All’estero per lavoro o studio: la «fuga» rallenta, ma ogni giorno partono in 10 - I dati
Emigrazione bergamasca: nel 2020, causa Covid, un calo dell’11% nelle partenze di «braccia» e «cervelli» in altri Paesi. Nei primi mesi dell’anno registrati 421 trasferimenti.

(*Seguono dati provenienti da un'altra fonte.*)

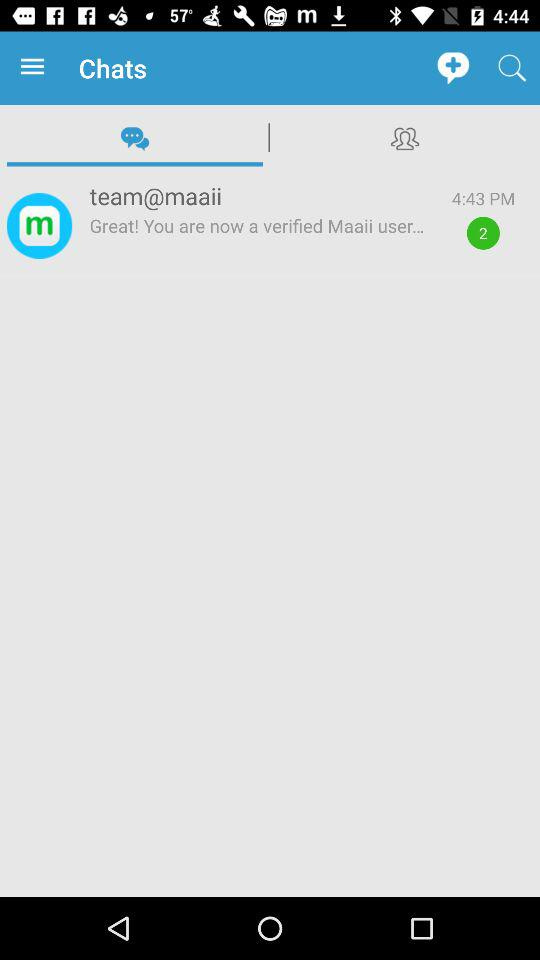How many unread messages are there? There are 2 unread messages. 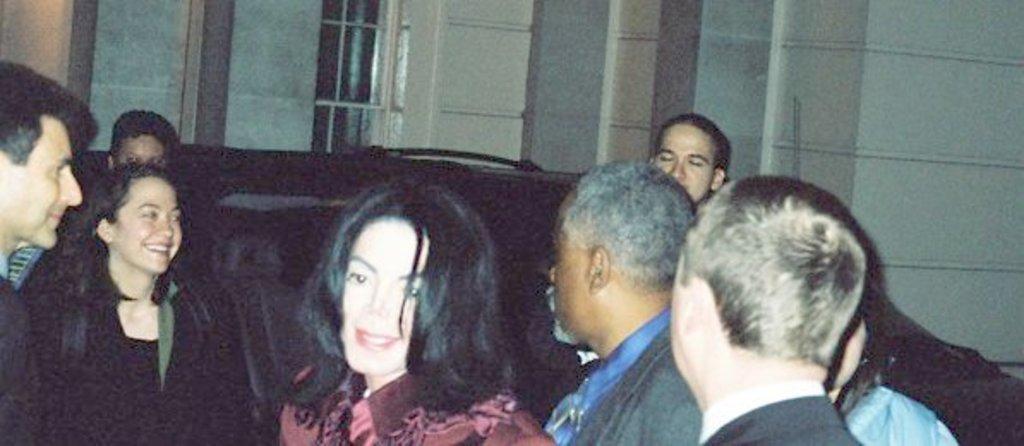How would you summarize this image in a sentence or two? In the image there are few women and women standing in the front with a car behind them and over the background there is a building. 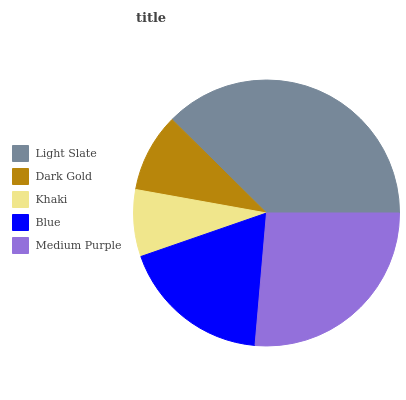Is Khaki the minimum?
Answer yes or no. Yes. Is Light Slate the maximum?
Answer yes or no. Yes. Is Dark Gold the minimum?
Answer yes or no. No. Is Dark Gold the maximum?
Answer yes or no. No. Is Light Slate greater than Dark Gold?
Answer yes or no. Yes. Is Dark Gold less than Light Slate?
Answer yes or no. Yes. Is Dark Gold greater than Light Slate?
Answer yes or no. No. Is Light Slate less than Dark Gold?
Answer yes or no. No. Is Blue the high median?
Answer yes or no. Yes. Is Blue the low median?
Answer yes or no. Yes. Is Medium Purple the high median?
Answer yes or no. No. Is Khaki the low median?
Answer yes or no. No. 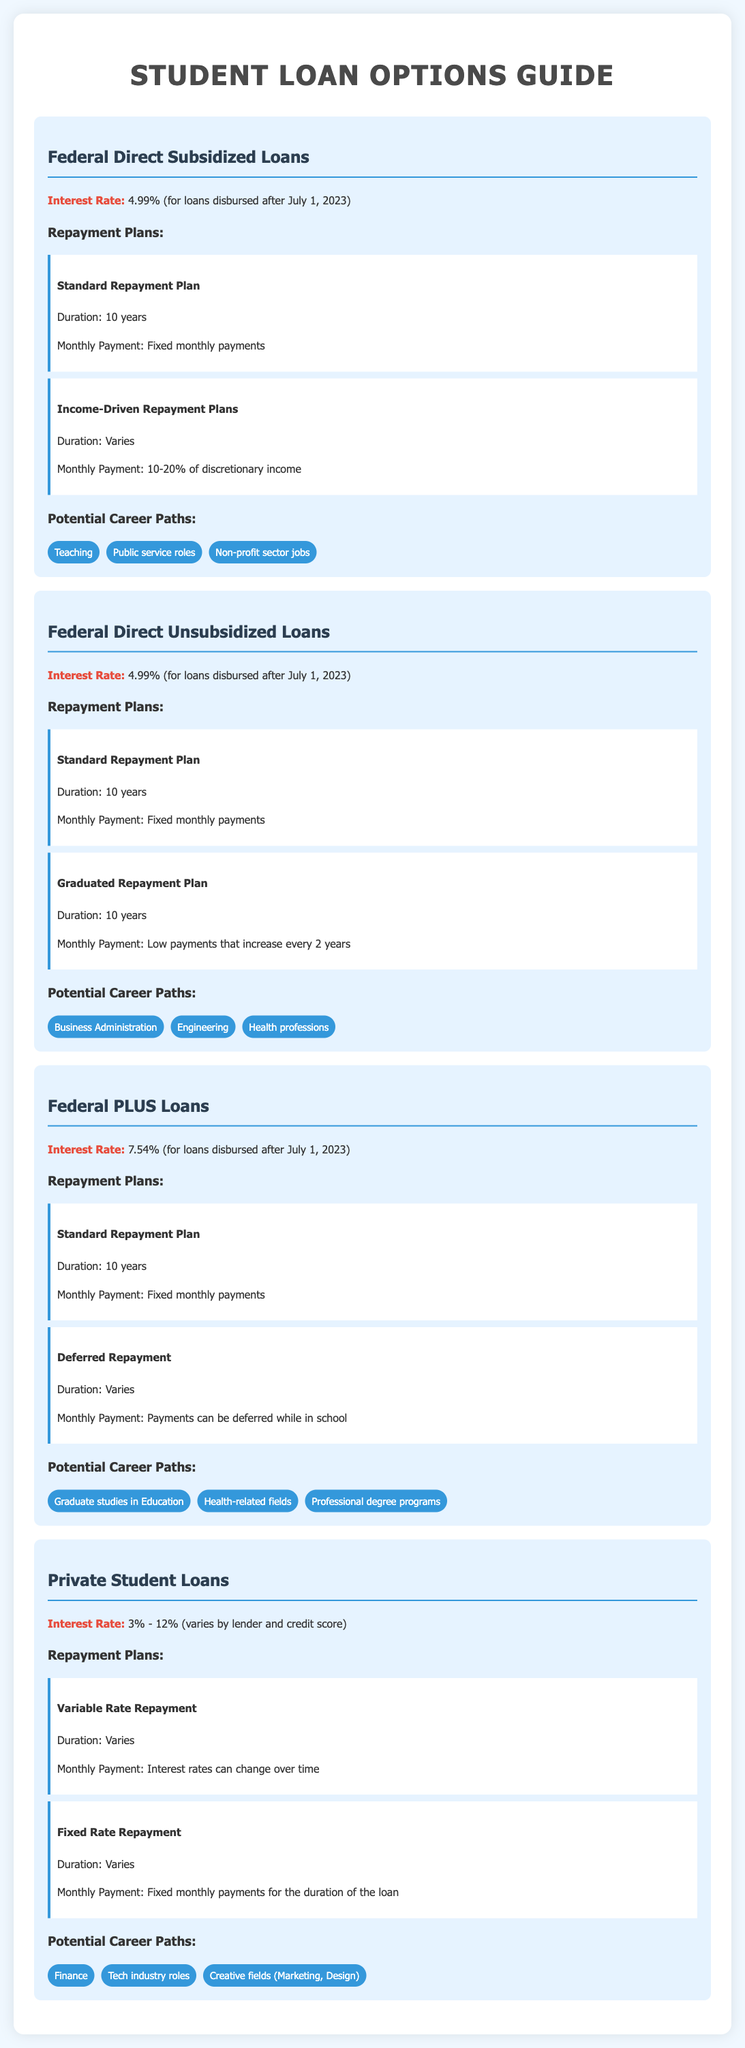What is the interest rate for Federal Direct Subsidized Loans? The interest rate for Federal Direct Subsidized Loans is specified in the document, which states it is 4.99% for loans disbursed after July 1, 2023.
Answer: 4.99% What repayment plan has a duration of 10 years for Federal PLUS Loans? The document mentions the Standard Repayment Plan with a duration of 10 years for Federal PLUS Loans.
Answer: Standard Repayment Plan What are the potential career paths linked to Private Student Loans? The document provides a list of potential career paths for Private Student Loans, specifically mentioning Finance, Tech industry roles, and Creative fields.
Answer: Finance, Tech industry roles, Creative fields What is the interest rate range for Private Student Loans? The document indicates that Private Student Loans have an interest rate that varies by lender and credit score, specifically ranging from 3% to 12%.
Answer: 3% - 12% Which repayment plan varies payments based on discretionary income for Federal Direct Subsidized Loans? The Income-Driven Repayment Plans, which are mentioned in the document as varying based on discretionary income, apply to Federal Direct Subsidized Loans.
Answer: Income-Driven Repayment Plans How long is the repayment duration for the Graduated Repayment Plan for Federal Direct Unsubsidized Loans? The document states that the Graduated Repayment Plan has a duration of 10 years for Federal Direct Unsubsidized Loans.
Answer: 10 years What type of loans are associated with teaching as a potential career path? The document links teaching as a potential career path with Federal Direct Subsidized Loans.
Answer: Federal Direct Subsidized Loans What types of repayment plans are available for Federal PLUS Loans? The document outlines two repayment plans for Federal PLUS Loans: Standard Repayment Plan and Deferred Repayment.
Answer: Standard Repayment Plan, Deferred Repayment What is a common feature of repayment plans for both Federal Direct Unsubsidized Loans and Federal Direct Subsidized Loans? Both types of loans offer a Standard Repayment Plan with a fixed monthly payment duration of 10 years, as per the document.
Answer: Standard Repayment Plan

Non è una fuga, ma comunque sembra uno stillicidio. Una decina al giorno, ogni giorno: sono i bergamaschi che lasciano la terra orobica per trasferirsi con più stabilità all’estero. Covid e lockdown hanno impattato appena lievemente: nel 2020 le cancellazioni dalle anagrafi dei comuni bergamaschi per trasferimento della residenza in un altro Paese sono state 3.254, «solo» l’11% in meno delle 3.670 del 2019. In questo «macronumero» c’è una platea variegata, dai «cervelli in fuga» ai giovani appena usciti dalle scuole superiori che scelgono un’altra esperienza di vita, per lavoro o per studio, fino agli stranieri che decidono di rientrare in patria o di proseguire la vita oltre i confini italiani. C’è però anche un altro dato, complementare: sono stati 4.271 i cittadini che si sono iscritti nelle anagrafi bergamasche – hanno preso residenza qui, in sostanza - provenendo dall’estero. Il «saldo» è positivo per circa un migliaio di unità, anche se nel 2019 le persone insediatasi in Bergamasca dall’estero erano state 7.141, il 67% in più rispetto al 2020.
Niente valigie di cartone
«È un’emigrazione certamente diversa da quella delle valigie di cartone che abbiamo conosciuto dalle immagini in bianco e nero e vissuto ancora negli anni 50 o 60. Se anche oggi c’è chi sceglie di emigrare da Bergamo, il motivo però è sempre quello: la pagnotta», rileva Carlo Personeni, presidente dell’Ente bergamaschi nel mondo. «All’estero, se si è disposti a fare sacrifici e ad accettare di integrarsi, ci si può costruire una nuova vita – prosegue Personeni -. Ma sono scelte che comportano anche delle rinunce, dalle tradizioni agli affetti. Purtroppo in questi trasferimenti perdiamo spesso i giovani, i giovani migliori»
Nei primi due mesi del 2021 i trasferimenti verso l’estero sono stati 423, i trasferimenti «inversi» – cioè dall’estero alla Bergamasca – invece 736. Il dato del 2020 mostra il maggior numero di partenze dal capoluogo (373 residenti si sono spostati fuori dai confini nazionali), ma la classifica consegna anche alcune curiosità: se al secondo posto c’è Seriate (88 trasferimenti verso l’estero), al terzo posto c’è Osio Sotto (80); in 42 dei 243 comuni bergamaschi non si sono registrate invece «fughe».
Formazione di base
I numeri vanno però guardati in maniera più profonda: «Altrimenti si rischia una declinazione solo negativa o un’immagine stereotipata», premette Remo Morzenti Pellegrini, rettore dell’Università degli Studi di Bergamo. «Occorre fare una valutazione comparativa con quanti arrivano nel nostro Paese – prosegue Morzenti Pellegrini -. Se tanti giovani ricercatori trovano occupazione all’estero, tra l’altro, questo porta anche un giudizio positivo alla nostra formazione di base e universitaria. Spesso, però, non siamo attrattivi verso i ricercatori che potrebbero venire nel nostro Paese».
I dati certificano però una «mobilità» all’insegna di «un’internazionalizzazione che fa di Bergamo un’ambasciata culturale – rimarca il rettore , la nostra università lo è per gli Erasmus e i visiting professor. Nei primi quattro anni del mio mandato abbiamo investito per rinnovare e implementare accordi con tantissimi atenei all’estero: dopo i rallentamenti legati alla pandemia, stiamo avendo numerosi segnali della voglia di riprendere quel che il Covid ha interrotto. Proprio questa mattina ho ricevuto una richiesta dal rettore dell’Università di Riga».
Il presente consegna anche una possibile chiave per invertire la tendenza della «fuga» e rinsaldare l’attrattività. Il Pnrr e più in generale la ricostruzione post-pandemica «è un’occasione unica e inedita – conferma Remo Morzenti Pellegrini -. È acclarato che in passato il nostro Paese non sia stato in grado di trattenere i giovani: il Pnrr è l’occasione, forse l’ultima, per invertire la tendenza. Ma è anche la possibilità per inserire il nostro Paese in un circuito almeno europeo di interscambio per attirare anche giovani che vengano dall’estero per fare qui ricerca e sperimentare quello che si è appreso nella formazione a fare ricerca e sperimentare formazione. Bergamo ha investito moltissimo in internazionalizzazione negli ultimi anni: con queste risorse e con questa fiducia, si può capitalizzare».